Non-scanning lidar is a second-generation, compact, real-time air-cooled instrument. According to the extensive ground characterization within the flight range, the non-scanning lidar can image obstacles with a tilt range of 1 km, with an accuracy ranging from 8 cm and an accuracy range better than 35 cm, all within 1-σ. The non-scanning lidar can identify landing obstacles as small as 30 cm, and the maximum tilt range that the Morpheus project can achieve is 450 meters.
However, under certain wind conditions, it is prone to flicker caused by the rocket engine heating the air and pre-triggered by dust clouds created during the launch and the wind-induced transmission of the test flight direction. A quick understanding of the road network is essential to formulate an efficient emergency plan after any major disaster. Falling buildings, stationary vehicles, and other forms of debris often make the road impassable for emergency personnel. The state of the road is generally determined through time-consuming and labor-intensive methods, such as field surveys and manual interpretation of remote sensing images.
The airborne lidar system provides a low-cost alternative for performing road network assessments. 3D data in a wide range can be quickly collected to provide valuable information about the geometry and structure of the scene. This paper presents a method to automatically detect and characterize road debris using airborne laser pointer radar data. The points that fall within the range of the road are extracted from the point cloud and aggregated into a single object using area growth.

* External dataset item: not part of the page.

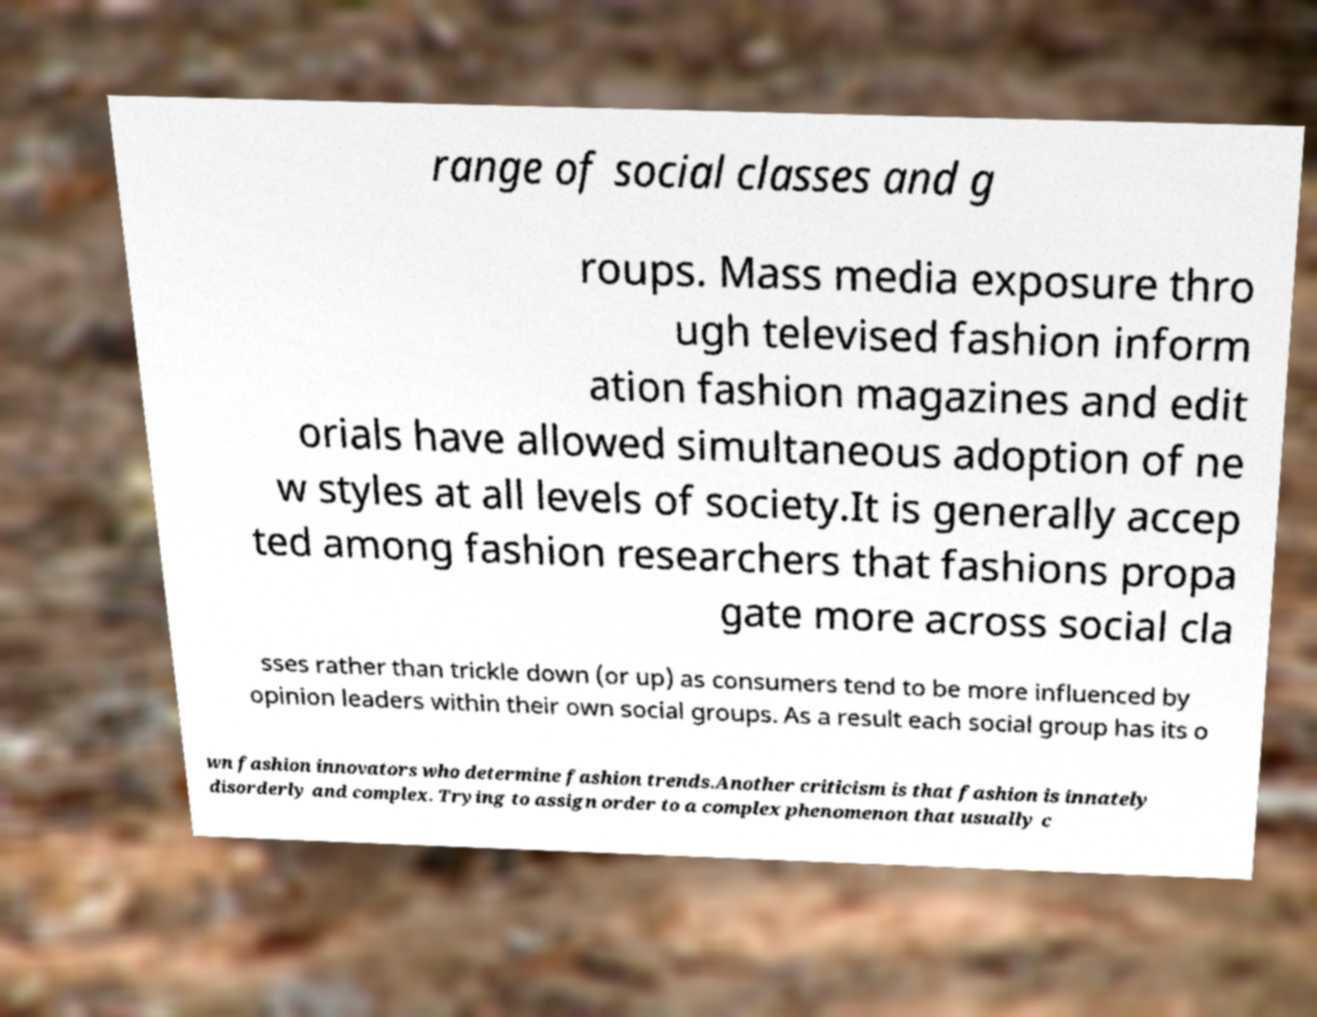For documentation purposes, I need the text within this image transcribed. Could you provide that? range of social classes and g roups. Mass media exposure thro ugh televised fashion inform ation fashion magazines and edit orials have allowed simultaneous adoption of ne w styles at all levels of society.It is generally accep ted among fashion researchers that fashions propa gate more across social cla sses rather than trickle down (or up) as consumers tend to be more influenced by opinion leaders within their own social groups. As a result each social group has its o wn fashion innovators who determine fashion trends.Another criticism is that fashion is innately disorderly and complex. Trying to assign order to a complex phenomenon that usually c

Using surface properties and contextual clues, objects are classified as fragmented or non-fragmented. The debris pile uses the alpha shape to reconstruct the surface, so that the volume of the debris can be estimated. The paper gives the results of real-time lidar data collected after natural disasters. The preliminary results show that accurate debris maps can be automatically generated using the proposed method. Despite the incomplete transportation network, these fragmented maps will be a very valuable asset for disaster management and emergency teams trying to find survivors.
For data with high aspect ratio geometric dimensions and running on curve coordinates, a method for automatically recording lidar data sets is specially customized. Relaxed the minimum change between the typical adjacent data sets required by the angle in other algorithms. The range of data is filtered with a series of discrete Gaussian and Gaussian filters to form a second-order Taylor series that approximates the surface of each sampling point. The principal curvature relative to the surface normal is calculated and compared across adjacent data sets to determine the homology and the most suitable transition matrix. This method reduces the requirements for the amount of raw data and processing time.
Small surface targets and airborne targets have increasing demands. Due to the requirement of very high lateral sensor resolution, the long-range ID or shorter-range ID of small targets has its limitations in imaging. This has also stimulated the need to develop one-dimensional green laser pointer technology for the target ID. These measures include vibration measurement, and laser ranging analysis. Vibration measurement can get good results, but it is also sensitive to specific vibrating parts on the target in the field of view. Laser ranging analysis is attractive because the maximum range can be very large, especially when the laser beam width is small.
The distance analyzer can also be used in scanning mode to detect targets in a certain sector. When the target is closer and angularly resolved, the same laser can also be used for active imaging. This paper will show the experimental and simulation results of laser ranging analysis of small ships within 6-7 kilometers and short-range (1.3 kilometers) UAV prototypes. Using this analysis system, the author has achieved good results in target detection and recognition at the same time. The CAD model of the target is used to compare the waveforms of the experimental and simulated ranging, which supports the idea of the analysis system as the first recognition sensor, thereby narrowing the search space for automatic target recognition based on imaging in close range.